[Pvfs2-developers] Trove patches
Phil Carns
pcarns at wastedcycles.org
Wed Jul 26 14:59:07 EDT 2006
Julian Martin Kunkel wrote:
> Hi,
>
>>status? The state of the operation is already gone, so you can't
>>distinguish between the caller giving you a bogus ID and the caller
>>giving you the ID of something that recently completed. The thread that
>>called test() assuming that the operation would be there will probably
>>be confused by the result either way.
>
> I was also talking about the interference between cancel and test calls.
> Right, you can't tell if the ID is bogus or recently completed if you run
> multiple test calls.
> However, I think that is much better than accessing invalid / undefined memory
> because that makes it hard to find the problem, in case you call test
> functions after another. Also the application knows if it has posted the ID
> before, so a return value like "completed or invalid ID" means something to
> the app.
> In terms of MPI multiple MPI_TEST calls of an already finished request return
> an error to the caller because the request is invalidated (set to
> MPI_REQUEST_NULL) once it is completed and mpi_test is called. That would be
> a similar semantics to trove with gen_safe.
> I like the explainations you write with poll and I agree if you call both test
> functions at the same time then it is bad practise / undefined which one gets
> the right status.
Ok, I think we are on the same page then.

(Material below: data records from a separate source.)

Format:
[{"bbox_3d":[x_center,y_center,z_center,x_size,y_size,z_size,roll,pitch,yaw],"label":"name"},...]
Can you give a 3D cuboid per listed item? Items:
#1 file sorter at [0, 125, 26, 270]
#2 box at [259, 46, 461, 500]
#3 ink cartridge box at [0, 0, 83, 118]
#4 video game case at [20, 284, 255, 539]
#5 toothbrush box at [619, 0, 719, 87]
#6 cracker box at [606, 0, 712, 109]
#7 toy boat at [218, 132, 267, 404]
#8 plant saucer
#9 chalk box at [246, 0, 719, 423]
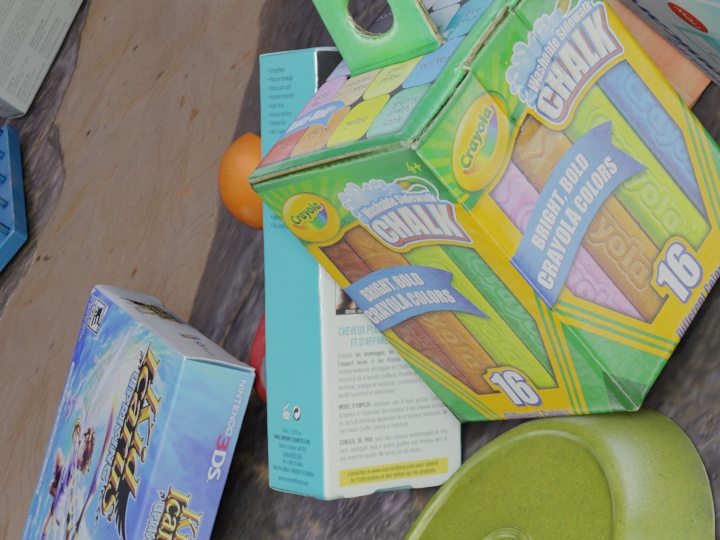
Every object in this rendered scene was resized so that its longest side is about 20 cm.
[{"bbox_3d":[-0.370,-0.054,1.666,0.139,0.122,0.200,-48,27,15],"label":"file sorter"},{"bbox_3d":[0.000,0.000,0.922,0.049,0.082,0.202,2,93,53],"label":"box"},{"bbox_3d":[-0.348,-0.257,1.780,0.057,0.200,0.163,-8,53,54],"label":"ink cartridge box"},{"bbox_3d":[-0.132,0.124,1.095,0.181,0.045,0.202,26,101,64],"label":"video game case"},{"bbox_3d":[0.172,-0.130,0.809,0.086,0.146,0.200,-54,27,1],"label":"toothbrush box"},{"bbox_3d":[0.074,-0.135,0.995,0.058,0.134,0.200,-54,26,3],"label":"cracker box"},{"bbox_3d":[-0.016,-0.029,1.034,0.130,0.130,0.201,-20,44,50],"label":"toy boat"},{"bbox_3d":[0.062,0.138,0.828,0.200,0.031,0.201,-40,31,31],"label":"plant saucer"},{"bbox_3d":[0.048,-0.048,0.842,0.124,0.200,0.124,-10,38,56],"label":"chalk box"}]
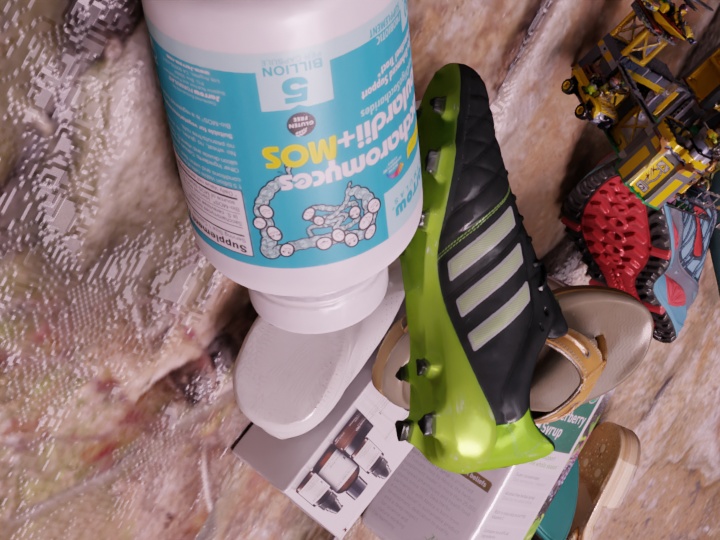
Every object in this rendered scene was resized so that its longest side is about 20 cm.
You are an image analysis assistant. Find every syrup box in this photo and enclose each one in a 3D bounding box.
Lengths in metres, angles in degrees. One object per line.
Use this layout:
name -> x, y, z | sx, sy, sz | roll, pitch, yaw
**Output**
syrup box -> 0.093, 0.100, 0.975 | 0.079, 0.081, 0.200 | 20, 101, -56

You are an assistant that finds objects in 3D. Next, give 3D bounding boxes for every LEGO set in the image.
LEGO set -> 0.230, -0.101, 0.904 | 0.200, 0.154, 0.116 | 24, 125, -33

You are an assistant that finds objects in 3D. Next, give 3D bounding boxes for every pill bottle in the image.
pill bottle -> -0.029, -0.066, 0.676 | 0.111, 0.111, 0.200 | -36, 140, -28

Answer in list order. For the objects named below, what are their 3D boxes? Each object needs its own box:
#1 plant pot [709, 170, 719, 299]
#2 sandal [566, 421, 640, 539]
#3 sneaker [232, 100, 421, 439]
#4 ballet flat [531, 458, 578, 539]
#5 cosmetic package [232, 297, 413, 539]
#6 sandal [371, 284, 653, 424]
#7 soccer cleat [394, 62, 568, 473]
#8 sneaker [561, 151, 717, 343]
plant pot -> 0.331, -0.055, 1.055 | 0.201, 0.201, 0.161 | -45, 130, -18
sandal -> 0.136, 0.206, 1.140 | 0.070, 0.078, 0.212 | 23, 91, -23
sneaker -> 0.000, 0.000, 0.812 | 0.200, 0.075, 0.088 | -56, 165, -8
ballet flat -> 0.106, 0.193, 1.058 | 0.200, 0.073, 0.073 | -73, 162, -46
cosmetic package -> 0.020, 0.054, 0.879 | 0.200, 0.051, 0.083 | -52, 145, -9
sandal -> 0.097, 0.055, 0.860 | 0.200, 0.054, 0.080 | -1, 114, -38
soccer cleat -> 0.059, -0.001, 0.743 | 0.081, 0.068, 0.200 | 2, 83, -23
sneaker -> 0.193, -0.036, 1.015 | 0.096, 0.079, 0.200 | -57, 154, -18
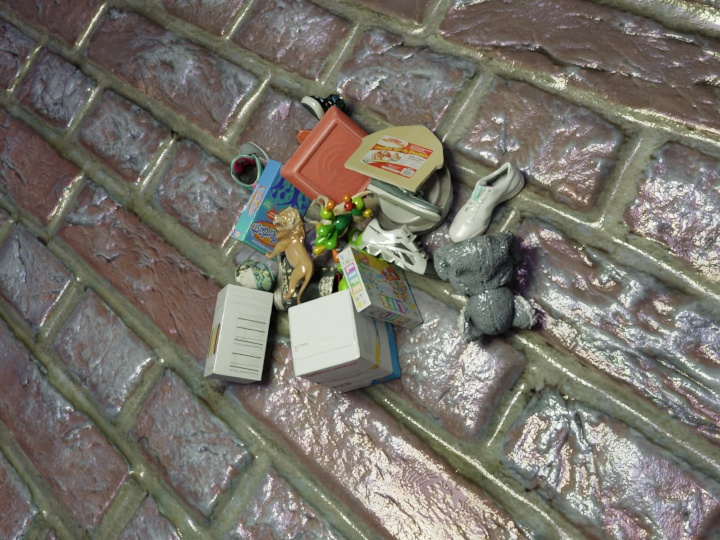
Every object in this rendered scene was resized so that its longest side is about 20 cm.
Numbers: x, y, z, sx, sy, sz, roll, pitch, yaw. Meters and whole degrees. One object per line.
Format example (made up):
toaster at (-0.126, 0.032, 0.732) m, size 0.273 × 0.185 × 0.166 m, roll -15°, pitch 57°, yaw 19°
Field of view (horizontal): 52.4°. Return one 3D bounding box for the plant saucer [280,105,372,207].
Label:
plant saucer at (-0.046, -0.234, 1.662) m, size 0.200 × 0.200 × 0.037 m, roll -51°, pitch 15°, yaw 3°

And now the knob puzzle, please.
knob puzzle at (0.090, -0.250, 1.589) m, size 0.218 × 0.031 × 0.220 m, roll -3°, pitch 46°, yaw 3°

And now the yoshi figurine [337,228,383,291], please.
yoshi figurine at (0.005, -0.005, 1.599) m, size 0.111 × 0.112 × 0.201 m, roll -3°, pitch 68°, yaw 10°

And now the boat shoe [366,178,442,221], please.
boat shoe at (0.099, -0.163, 1.549) m, size 0.200 × 0.073 × 0.062 m, roll 29°, pitch 88°, yaw 39°

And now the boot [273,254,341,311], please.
boot at (-0.114, -0.007, 1.679) m, size 0.153 × 0.073 × 0.205 m, roll -1°, pitch 73°, yaw 23°

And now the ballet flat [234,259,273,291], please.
ballet flat at (-0.251, 0.016, 1.688) m, size 0.075 × 0.074 × 0.200 m, roll -65°, pitch 17°, yaw -6°

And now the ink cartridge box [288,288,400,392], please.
ink cartridge box at (-0.031, 0.149, 1.499) m, size 0.146 × 0.200 × 0.147 m, roll -18°, pitch 65°, yaw 21°

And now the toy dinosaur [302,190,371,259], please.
toy dinosaur at (-0.065, -0.124, 1.644) m, size 0.101 × 0.058 × 0.200 m, roll 37°, pitch 93°, yaw -12°

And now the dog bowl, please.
dog bowl at (0.114, -0.165, 1.617) m, size 0.199 × 0.059 × 0.201 m, roll -9°, pitch 69°, yaw 25°

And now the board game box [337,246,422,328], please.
board game box at (0.043, 0.039, 1.498) m, size 0.034 × 0.200 × 0.135 m, roll -33°, pitch 61°, yaw 24°

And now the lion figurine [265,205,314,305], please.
lion figurine at (-0.141, -0.031, 1.600) m, size 0.122 × 0.072 × 0.201 m, roll -40°, pitch 71°, yaw 32°

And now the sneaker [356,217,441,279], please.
sneaker at (0.099, -0.047, 1.532) m, size 0.199 × 0.074 × 0.089 m, roll 24°, pitch 97°, yaw 0°

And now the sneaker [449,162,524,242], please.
sneaker at (0.249, -0.146, 1.521) m, size 0.200 × 0.088 × 0.075 m, roll -48°, pitch 59°, yaw 5°

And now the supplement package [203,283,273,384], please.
supplement package at (-0.276, 0.147, 1.659) m, size 0.114 × 0.109 × 0.201 m, roll 150°, pitch 130°, yaw -63°

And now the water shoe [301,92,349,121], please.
water shoe at (-0.080, -0.389, 1.718) m, size 0.071 × 0.200 × 0.079 m, roll 43°, pitch 97°, yaw 7°

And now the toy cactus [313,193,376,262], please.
toy cactus at (-0.022, -0.106, 1.556) m, size 0.102 × 0.165 × 0.200 m, roll 46°, pitch 141°, yaw 12°

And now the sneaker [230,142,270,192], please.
sneaker at (-0.279, -0.263, 1.824) m, size 0.084 × 0.121 × 0.200 m, roll -38°, pitch 59°, yaw 11°

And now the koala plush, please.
koala plush at (0.243, 0.035, 1.424) m, size 0.176 × 0.184 × 0.201 m, roll -13°, pitch 88°, yaw 7°

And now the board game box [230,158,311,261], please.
board game box at (-0.201, -0.137, 1.719) m, size 0.045 × 0.152 × 0.201 m, roll 23°, pitch 85°, yaw 35°

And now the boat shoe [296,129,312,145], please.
boat shoe at (-0.088, -0.300, 1.771) m, size 0.200 × 0.063 × 0.071 m, roll 33°, pitch 91°, yaw 34°
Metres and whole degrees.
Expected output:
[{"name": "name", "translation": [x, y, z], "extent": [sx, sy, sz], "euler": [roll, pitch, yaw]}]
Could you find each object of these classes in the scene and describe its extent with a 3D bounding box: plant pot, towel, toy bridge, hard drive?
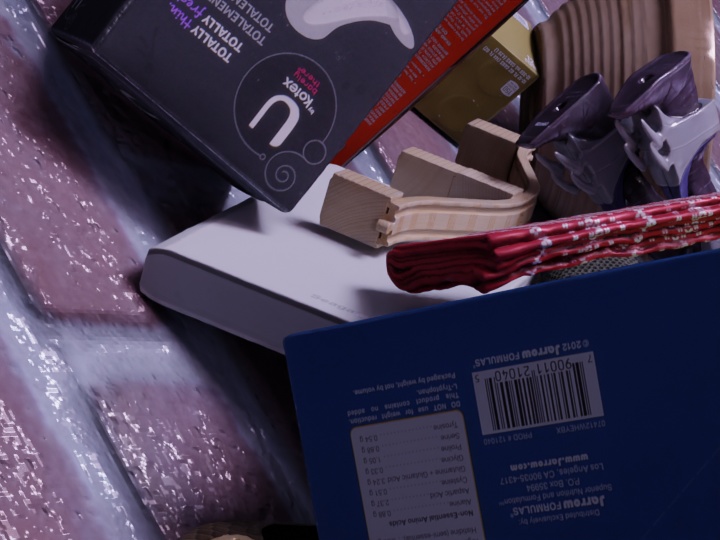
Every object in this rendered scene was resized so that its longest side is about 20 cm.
[{"name": "plant pot", "translation": [0.145, -0.092, 1.408], "extent": [0.092, 0.202, 0.201], "euler": [2, 36, -4]}, {"name": "towel", "translation": [0.119, -0.017, 0.980], "extent": [0.145, 0.199, 0.023], "euler": [178, -97, -75]}, {"name": "toy bridge", "translation": [0.048, -0.037, 1.148], "extent": [0.067, 0.027, 0.200], "euler": [23, 19, 17]}, {"name": "hard drive", "translation": [0.000, 0.000, 1.088], "extent": [0.131, 0.026, 0.200], "euler": [21, 19, 15]}]

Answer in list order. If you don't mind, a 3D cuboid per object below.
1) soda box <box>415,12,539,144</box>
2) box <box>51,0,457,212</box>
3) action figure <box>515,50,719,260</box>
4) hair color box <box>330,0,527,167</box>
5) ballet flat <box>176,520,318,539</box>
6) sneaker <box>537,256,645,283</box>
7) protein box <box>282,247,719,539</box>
[{"name": "soda box", "translation": [0.009, -0.164, 1.361], "extent": [0.200, 0.068, 0.064], "euler": [38, 27, -24]}, {"name": "box", "translation": [-0.028, -0.145, 1.086], "extent": [0.122, 0.200, 0.106], "euler": [40, -4, -20]}, {"name": "action figure", "translation": [0.163, -0.008, 1.165], "extent": [0.069, 0.130, 0.200], "euler": [-49, 116, -32]}, {"name": "hair color box", "translation": [0.044, -0.140, 1.224], "extent": [0.061, 0.200, 0.102], "euler": [49, 24, -1]}, {"name": "ballet flat", "translation": [-0.004, 0.124, 0.947], "extent": [0.200, 0.046, 0.068], "euler": [14, 41, -52]}, {"name": "sneaker", "translation": [0.117, 0.023, 1.047], "extent": [0.076, 0.115, 0.200], "euler": [0, 35, 1]}, {"name": "protein box", "translation": [0.101, 0.102, 0.889], "extent": [0.135, 0.198, 0.201], "euler": [-7, 86, -56]}]

I misread which potential race condition you were talking about. I
don't think that cancel() is a particularly dangerous case, though,
because it doesn't actually destroy any operations- it just moves them
to a completion queue to later be cleaned up by a normal test() or
testcontext() call. By itself it shouldn't lead to corruption with the
test() call.
Just to clarify where I am coming from, I don't mind if the calls are
made safer from a debugging/development point of view. I also don't
have any clue what the performance difference really is between the id
generator implementations. I just wanted to make sure that this wasn't
being done to encourage the API to be used in a bad way. The
test/testcontext approach is used in a whole pile of internal interfaces
within PVFS2, so it would be good if we try to keep up the semantic
assumptions consistent across the board.